十二単の姫君
それはいきなりの咲夜姫の来訪だった。
気がついたら目の前に十二単のお姫様がいた。
彼女の着ている衣装はまったく非の打ち所がない十二単そのものだった。
柄は目の覚めるようなコバルトブルーで、品のいいシンプルな柄が織り込まれていた。
柄まで覚えているのは不可能だったが、ふつうの和服の柄とまったく同じだった。
やがていつのまにか抱き合っていた。
おれも美しい姫君にメロメロになってしまい、無我夢中できつく抱きしめていた。
それもそのはず、姫君の顔は「竹取物語」のかぐや姫そっくりだったのだ。
かぐや姫などだれも見たことないだろうが、それでも〈かぐや姫〉だ!と思うほどの美しさだった。目は切れ長・丸顔・色白で、当時の女性特有の黒く長い髪を垂らしていた。
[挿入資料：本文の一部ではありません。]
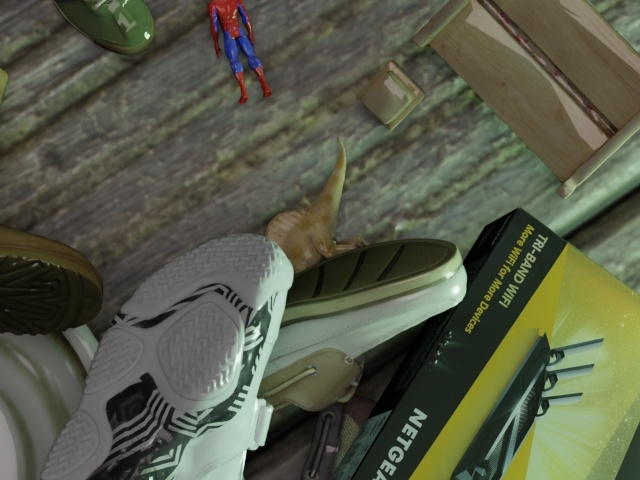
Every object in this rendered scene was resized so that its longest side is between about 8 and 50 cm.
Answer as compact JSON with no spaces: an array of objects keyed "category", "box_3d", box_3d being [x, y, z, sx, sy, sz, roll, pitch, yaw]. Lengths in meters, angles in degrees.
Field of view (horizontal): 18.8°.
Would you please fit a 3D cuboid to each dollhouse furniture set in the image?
[{"category":"dollhouse furniture set","box_3d":[0.271,-0.147,1.732,0.355,0.174,0.303,-43,87,18]}]

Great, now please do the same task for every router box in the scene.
[{"category":"router box","box_3d":[0.175,0.167,1.629,0.243,0.081,0.309,35,70,-8]}]

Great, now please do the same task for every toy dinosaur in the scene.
[{"category":"toy dinosaur","box_3d":[0.000,0.000,1.701,0.093,0.053,0.183,32,83,2]}]

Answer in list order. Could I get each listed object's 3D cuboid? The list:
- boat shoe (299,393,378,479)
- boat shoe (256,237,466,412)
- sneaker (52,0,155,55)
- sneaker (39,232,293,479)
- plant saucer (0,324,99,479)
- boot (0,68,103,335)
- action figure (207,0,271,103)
[{"category":"boat shoe","box_3d":[-0.013,0.261,1.652,0.092,0.103,0.285,22,77,9]},{"category":"boat shoe","box_3d":[-0.005,0.086,1.642,0.302,0.113,0.103,-19,106,22]},{"category":"sneaker","box_3d":[-0.221,-0.244,1.700,0.064,0.086,0.192,-41,87,-6]},{"category":"sneaker","box_3d":[-0.102,0.184,1.560,0.137,0.210,0.366,17,72,39]},{"category":"plant saucer","box_3d":[-0.357,0.193,1.639,0.400,0.100,0.400,0,84,-2]},{"category":"boot","box_3d":[-0.289,-0.057,1.613,0.236,0.089,0.269,9,45,-9]},{"category":"action figure","box_3d":[-0.076,-0.179,1.729,0.038,0.030,0.115,-16,80,-10]}]
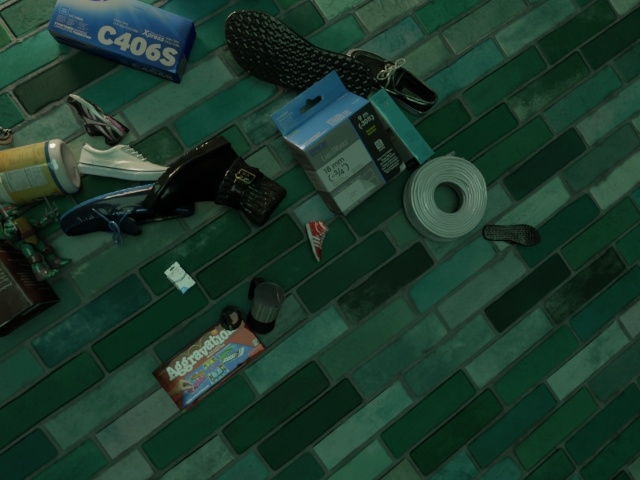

おれは抱きしめながら姫の大きさに隠れてしまうほどだった。
抱きしめているのに逆に抱きしめられているような感覚になった。
おれは――変な話だが――母親に甘える子供のように、夢中でそのおおきな背中にしがみつきながら、ずっと咲夜姫の鮮やかな青色が映える大きな背中だけ見ていた。
それだけおおきな咲夜姫の中に飲み込まれていたような気がする。
別の日にはたくさんの(十人くらい)女性がいた。
どれも長身でプロポーションがよかったが、肝心の咲夜姫がだれなのかわからなかった。
彼女たちは咲夜姫を守るように取り巻いているような気がした。
だったらあの中心辺りにいるはずだ。
しかし、咲夜姫を見つけ出すことが出来ないので、多少いらいらしてきた。
「お嫁さん――!」他に言葉が見つからなかったので、そう呼んだ。心の中で念じたのだ。
すると、中から子供が出てきた。身長が半分くらいしかない。小学生といってもいいくらい幼い少女だった。たぶんこれが咲夜姫なのだろう。
そしておれはそのとき咲夜姫と結ばれた。
彼女はなぜかおれを男として認識していて、おれもまた彼女を女と認識していた。
そのとき何があったのかは、ご想像にお任せしよう。
たぶんそれから数日経ってからのことだろう。
そのときおれは次元転換していた。金縛りというよりも、普通に世界が切り替わっているような感じだ。そんなことはすでに日常茶飯事になっている。
いつの間にか、二人の女とバスに浸かっている。洋式のお風呂だ。
女たちは背が高く顔は月並みだ。よくもなく悪くもない。
しかしおれはいつものくせで女の下半身にいたずらした。
女は感情を悟られまいとしてか、平静を装っていた。しかしどうやら困っていてどう対処したらいいかわからないらしい。
まわりは暗がり――遠くのほうでだれかこっちを見ていた。
中隊の人間の背後霊なのではないかと思った。おれたちのやっていることに興味津々らしい。
そして、いつのまにか目が覚めていた。